見かねたランサーがセイバーを庇う。彼女は自分の獲物だと訴える彼に対し、その主は冷徹に告げる。


≪なにをしているランサー!セイバーを倒すのはいまこそが好機であろう!≫

「っ、セイバーは!必ずや私の誇りにかけて討ち果たします!何となれば、そこな狂犬めも先に仕留めて御覧に入れましょう!故にどうか、我が主よ!この私とセイバーの勝負だけは、どうか尋常に!」


ランサーはケイネスさんの声にそう返す。必死の形相だ。騎士道というやつなのだろうか。しかし、それはケイネスさんには通じない。

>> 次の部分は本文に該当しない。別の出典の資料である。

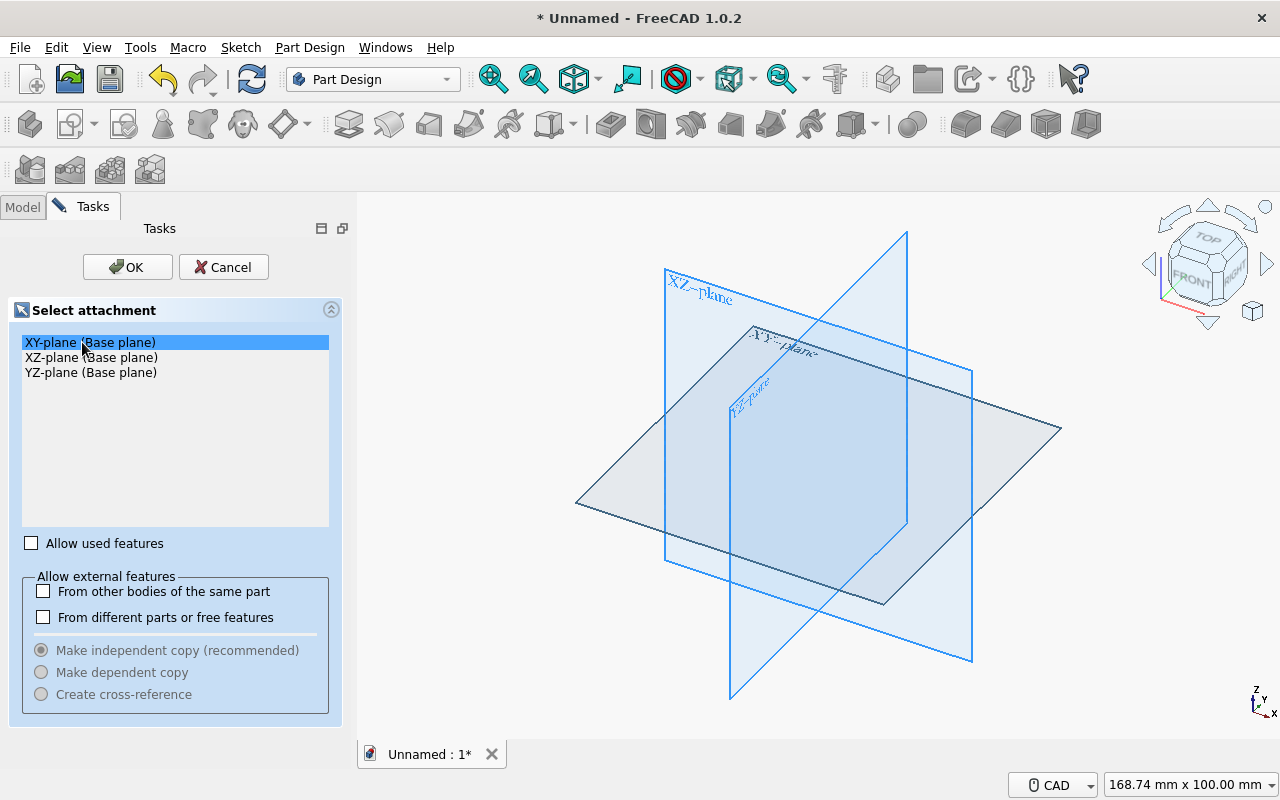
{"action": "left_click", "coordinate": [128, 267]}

≪ならん。ランサー、バーサーカーを援護してセイバーを殺せ。令呪を以て命ずる≫

「───ッ!!」


ランサーの目が見開かれる。令呪とは確かマスターがサーヴァントに対して持つ絶対命令権。それに逆らうことなど、出来ない。


「…セイバー……すまん…!」


弾かれたようにランサーが槍をセイバーに向けて突き出す。辛そうな声音。戦略と誇り。相容れないもの。
(ああ、これが)
欲望と願い。争いが争いを生む。
(聖杯戦争なのか)
ランサーと影がセイバーを襲う。あれでは数分もしないうちに決着がつくだろう。
(なんて、)
なんて愚かな闘い。


その時、戦場に雷鳴と怒号が鳴り響いた。


頭を思い切り叩かれたような衝撃。見れば、征服王が戦車でセイバー達のところに乱入していた。
(ちょっ…)
な、なにしてるのあの王さまは。轢かれたのであろう、車輪の傍でよろめく影。ダイナミック交通事故。怖ろしい。消える黒。

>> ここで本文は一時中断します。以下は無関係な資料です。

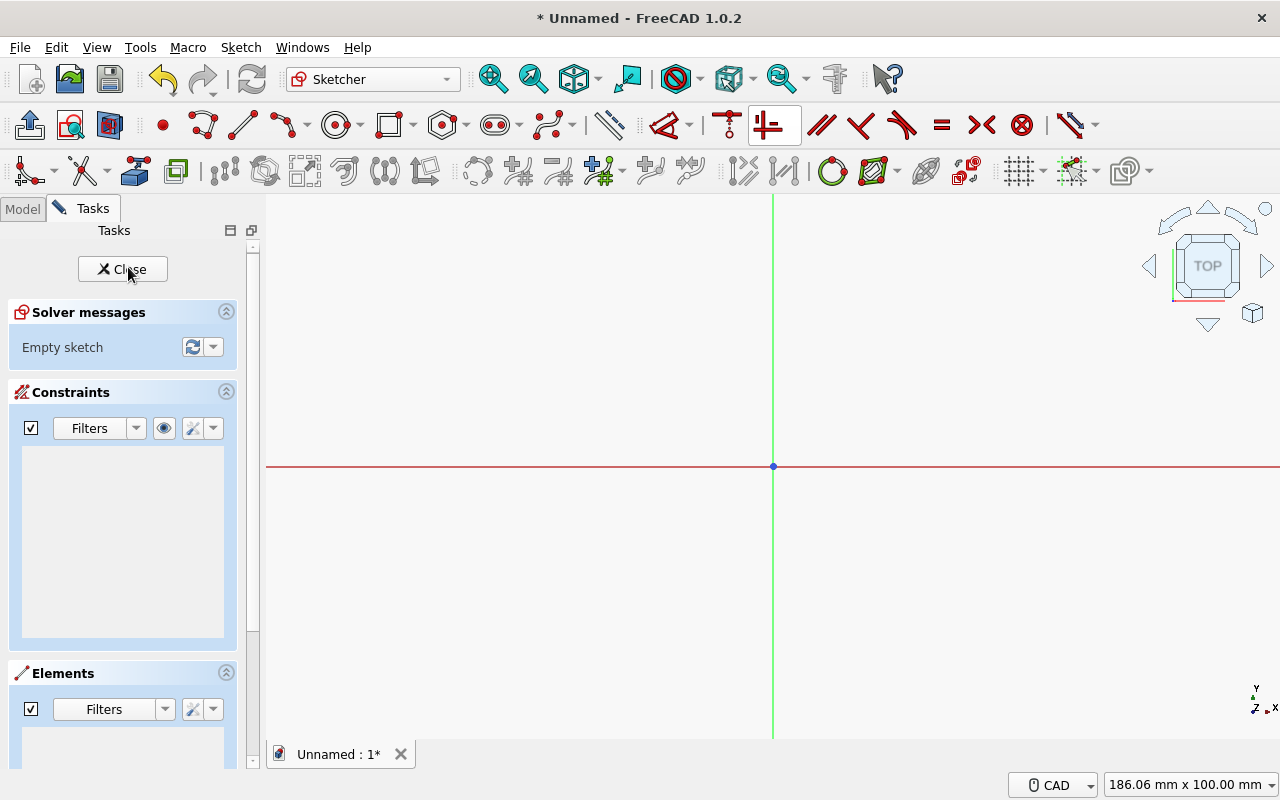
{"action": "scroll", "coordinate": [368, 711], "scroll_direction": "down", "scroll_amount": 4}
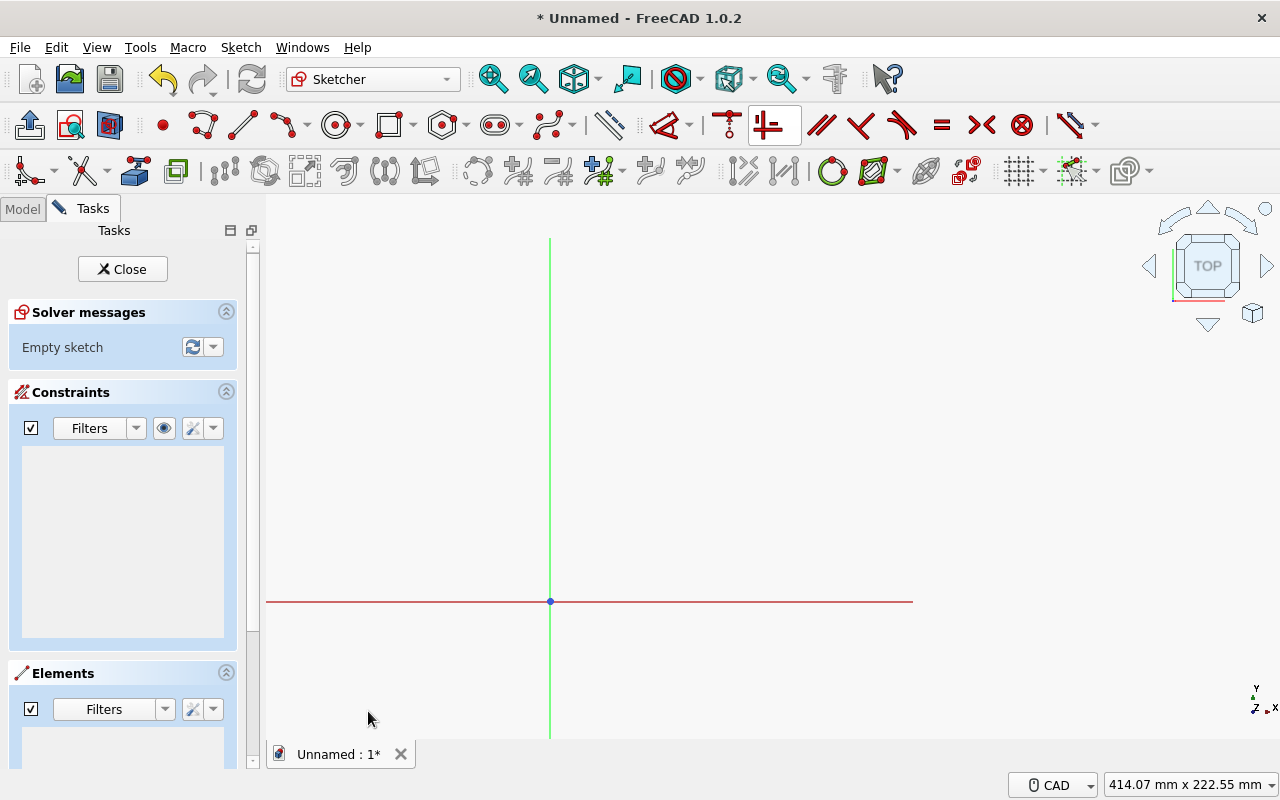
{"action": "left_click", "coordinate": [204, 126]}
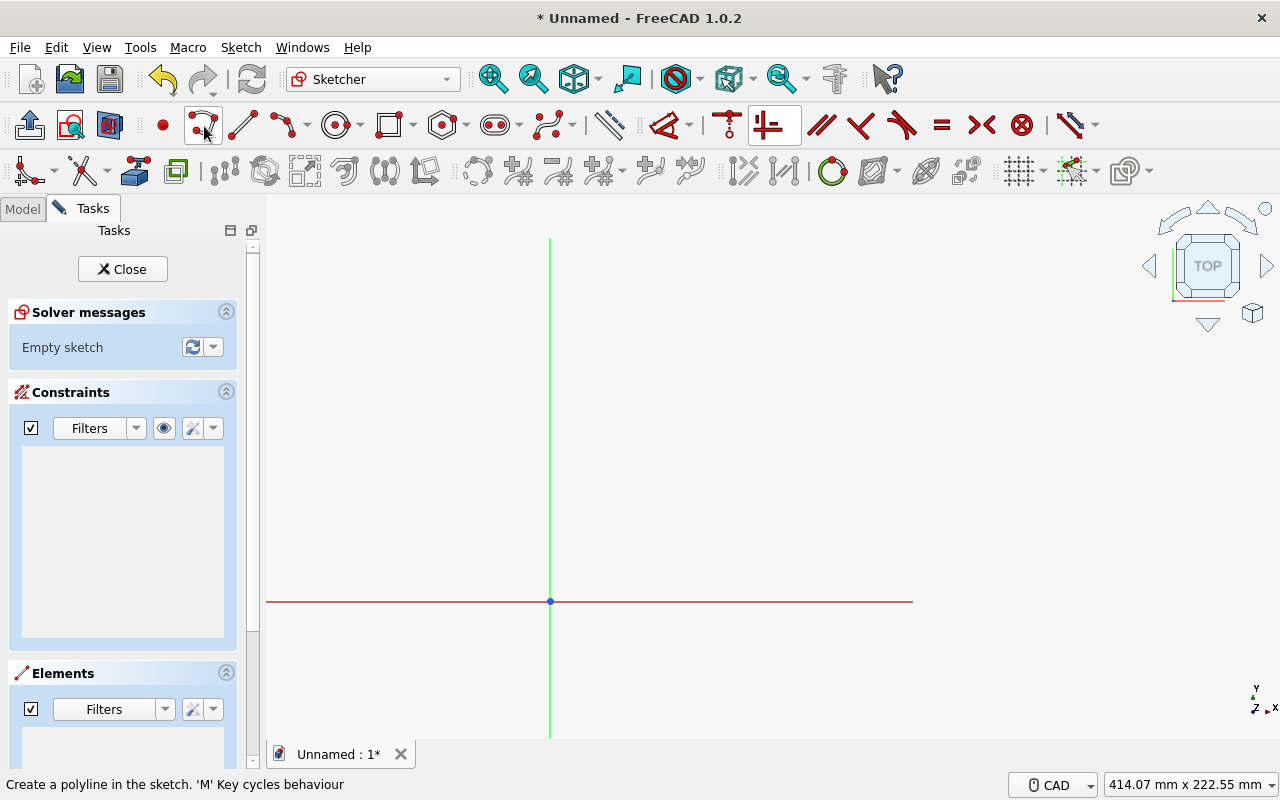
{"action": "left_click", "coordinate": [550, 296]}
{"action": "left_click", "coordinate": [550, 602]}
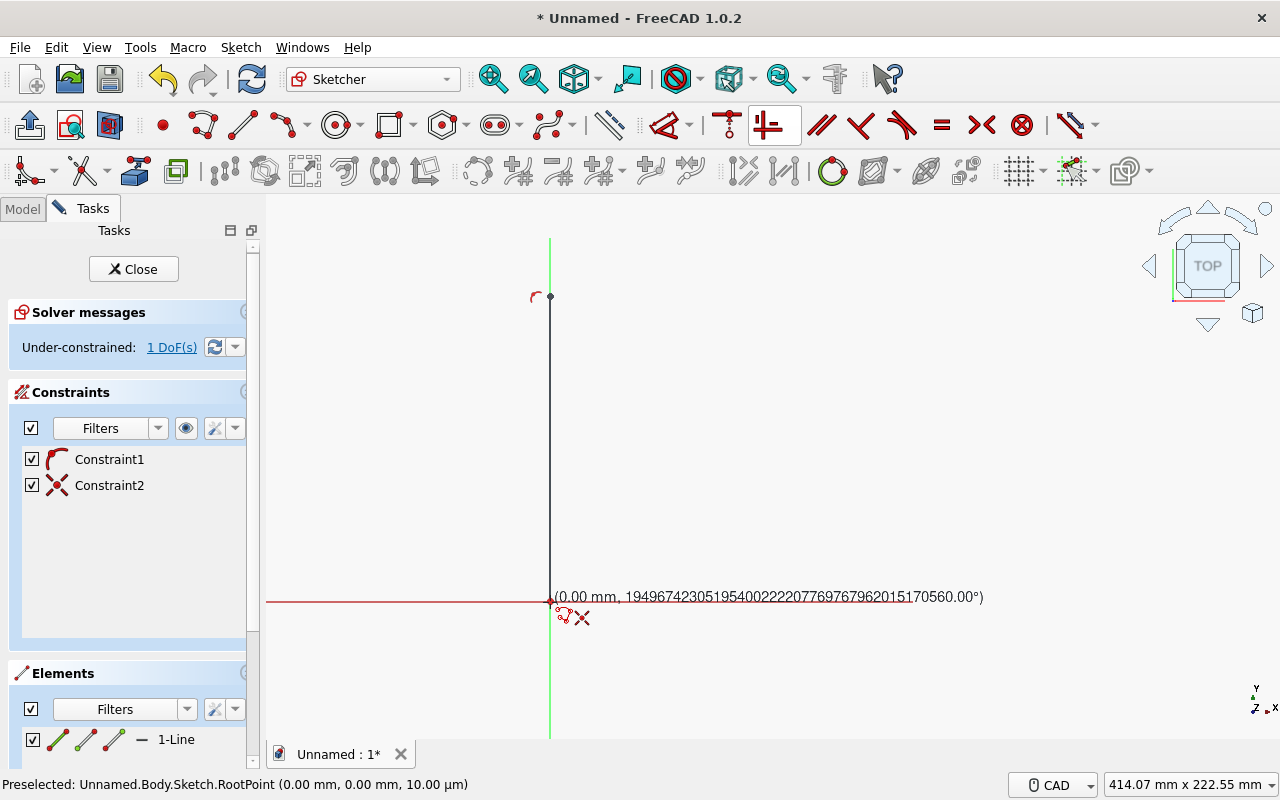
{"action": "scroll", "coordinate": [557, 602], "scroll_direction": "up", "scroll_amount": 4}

「と、まあこんな具合に黒い奴には御退場を願った訳だが…ランサーのマスターよ、何処から覗き見しているかは知らんが、下衆な手口で騎士の戦いを汚すでない!…等と説教呉れても通じぬか。魔術師なんぞが相手では」


征服王は大声でケイネスさんに向けて言葉を放つ。


「ランサーを引かせよ。…尚、これ以上そいつに恥をかかすというのなら、余はセイバーに加勢する。二人がかりで貴様のサーヴァントを潰しにかがるが……どうするね?」


それは選択肢のない問いかけ。征服王はランサーの誇りを守った。


≪…ッ、撤退しろランサー。今夜はここまでだ≫


悔しそうな声。ランサーは槍を降ろす。征服王に礼を告げ、セイバーに別れを告げてからわたしの元へやってくる。


「…ランサー」

「我が主の元へ戻りましょう、女神よ」


酷く辛気臭い顔をしてランサーがわたしを抱きあげる。頷く間もなく景色は残像へと変わる。
こうして、まるで粘液のような闇を纏い、わたしの聖杯戦争は幕を開けた。